- Provided data
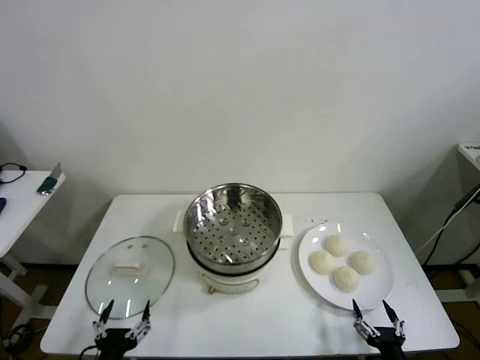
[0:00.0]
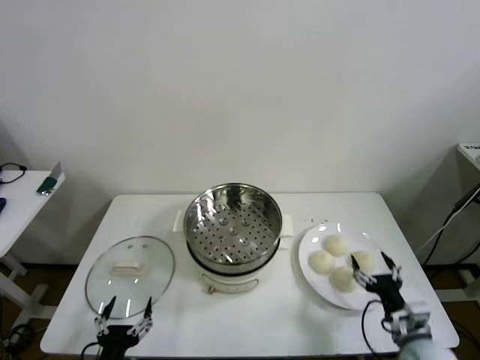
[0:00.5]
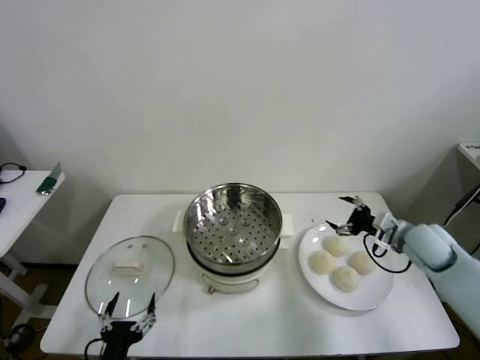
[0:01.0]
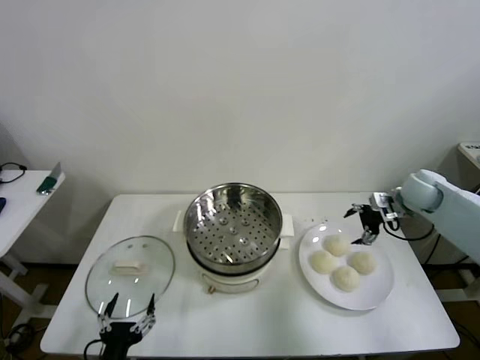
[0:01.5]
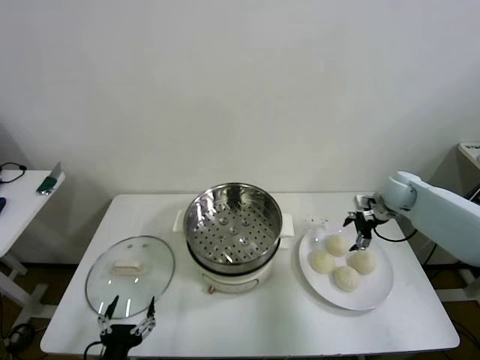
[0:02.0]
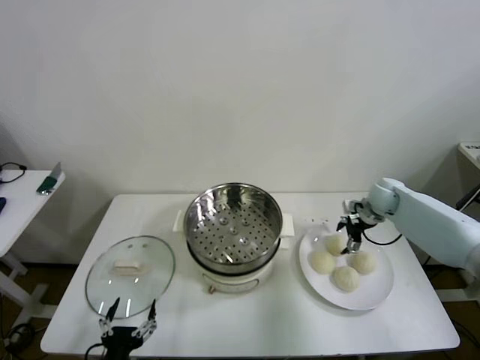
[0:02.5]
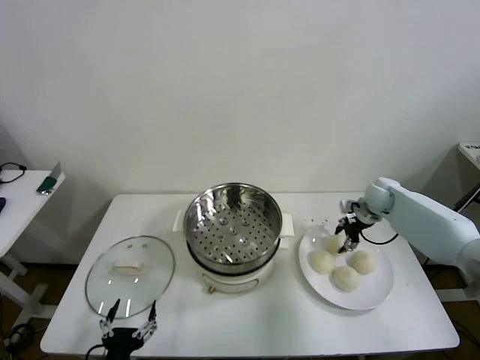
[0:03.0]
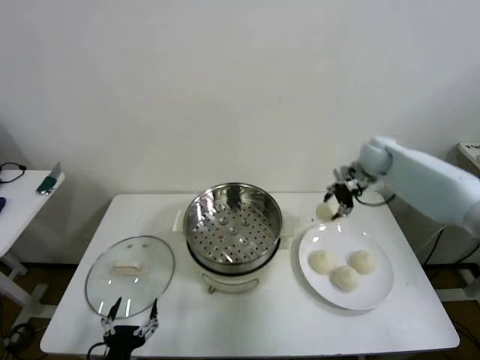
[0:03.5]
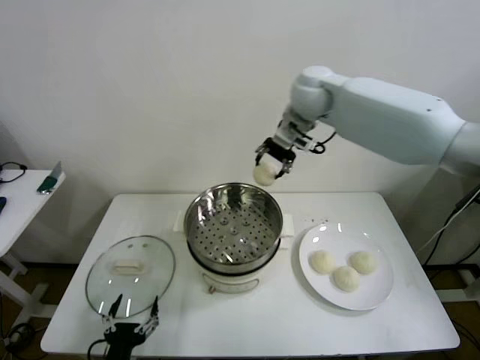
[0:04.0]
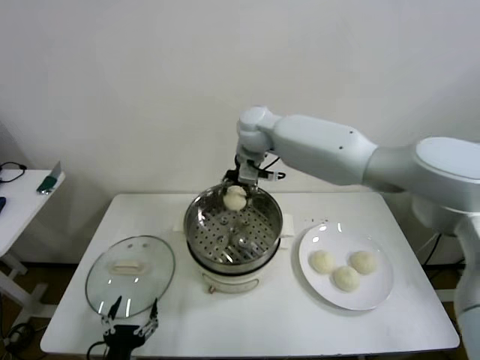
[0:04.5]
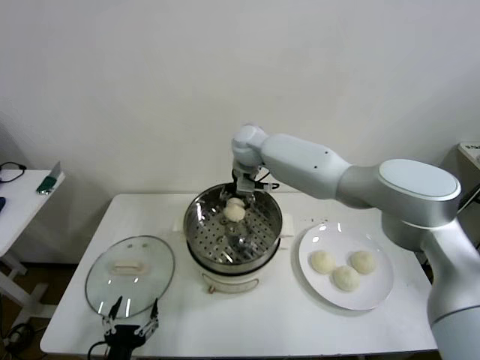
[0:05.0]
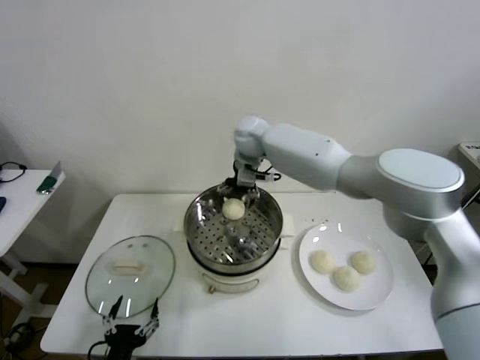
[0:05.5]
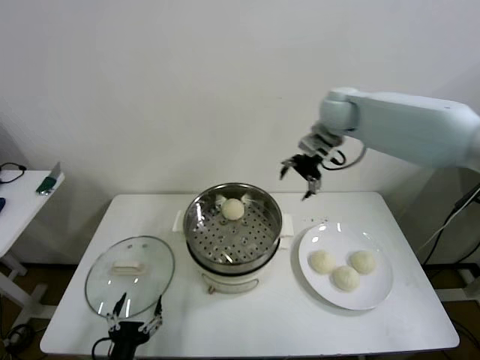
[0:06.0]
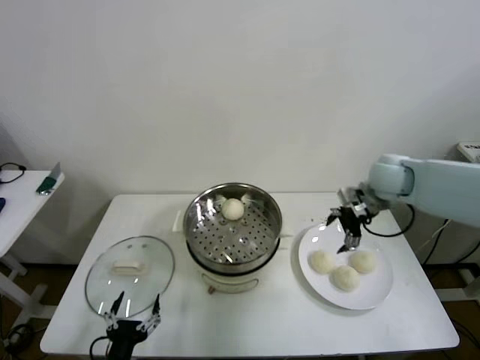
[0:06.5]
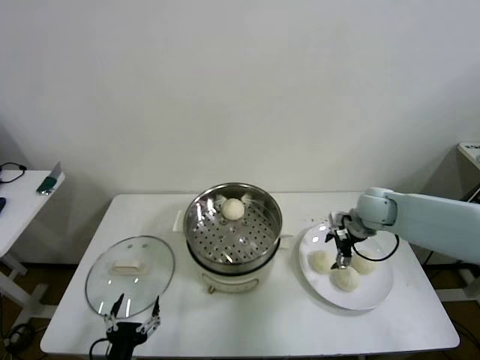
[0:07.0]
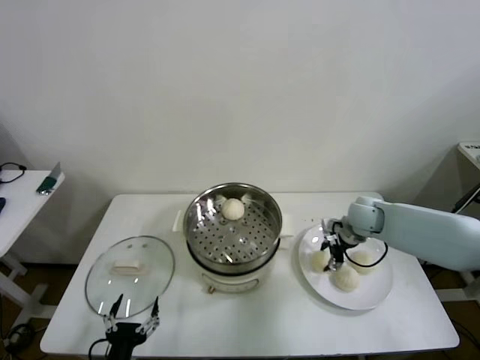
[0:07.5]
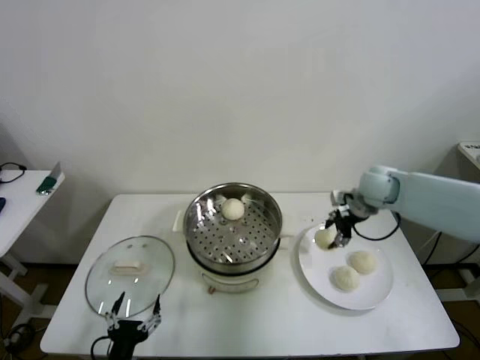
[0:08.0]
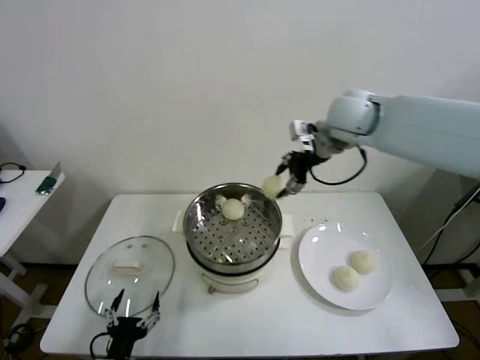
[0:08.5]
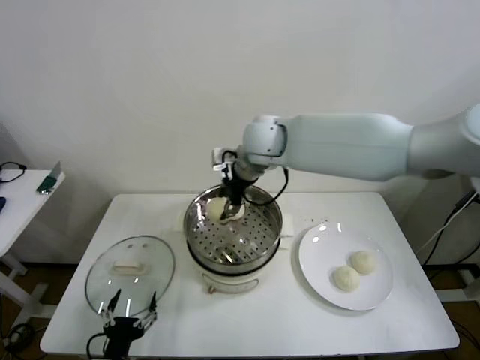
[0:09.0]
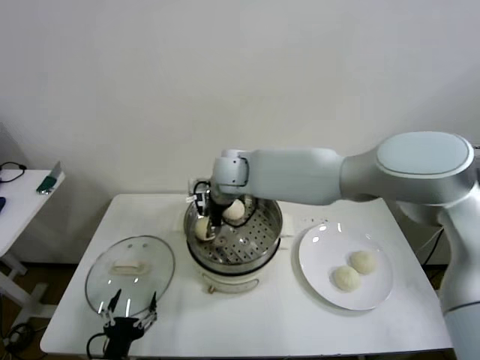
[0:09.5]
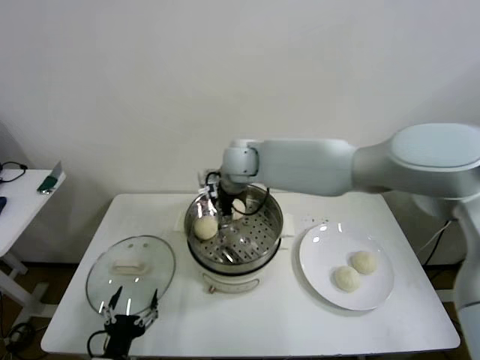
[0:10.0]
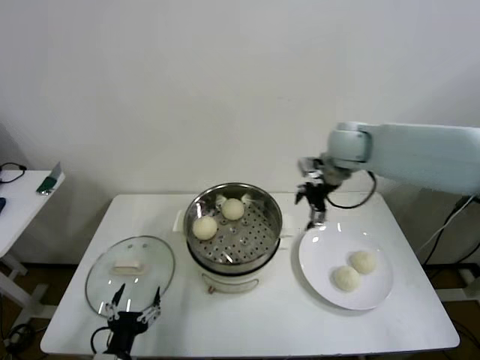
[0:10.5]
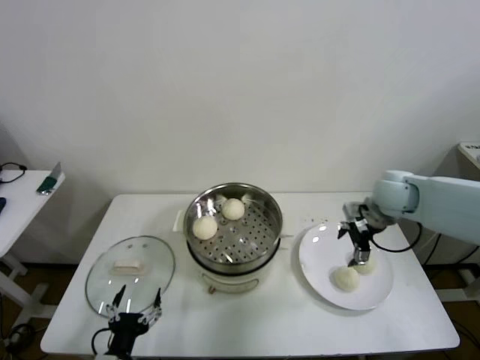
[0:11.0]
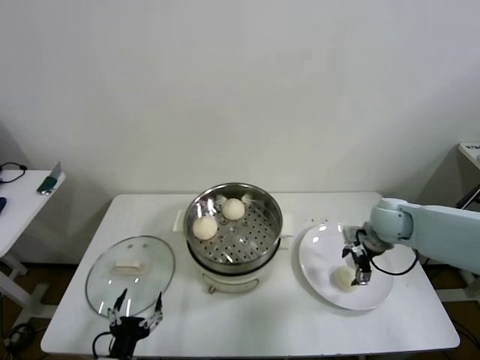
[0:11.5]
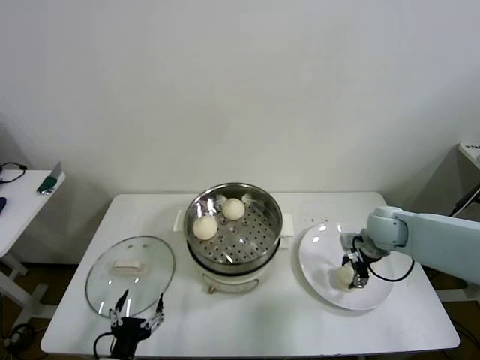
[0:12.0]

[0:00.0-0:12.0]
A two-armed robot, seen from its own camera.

- Exercise prompt
For every entry above, write it out exactly and remove any image.

- Output for this exercise
[0:00.0]
[0:00.5]
[0:01.0]
[0:01.5]
[0:02.0]
[0:02.5]
[0:03.0]
[0:03.5]
[0:04.0]
[0:04.5]
[0:05.0]
[0:05.5]
[0:06.0]
[0:06.5]
[0:07.0]
[0:07.5]
[0:08.0]
[0:08.5]
[0:09.0]
[0:09.5]
[0:10.0]
[0:10.5]
[0:11.0]
[0:11.5]
[0:12.0]

[0:00.0-0:12.0]
A two-armed robot, seen from its own camera.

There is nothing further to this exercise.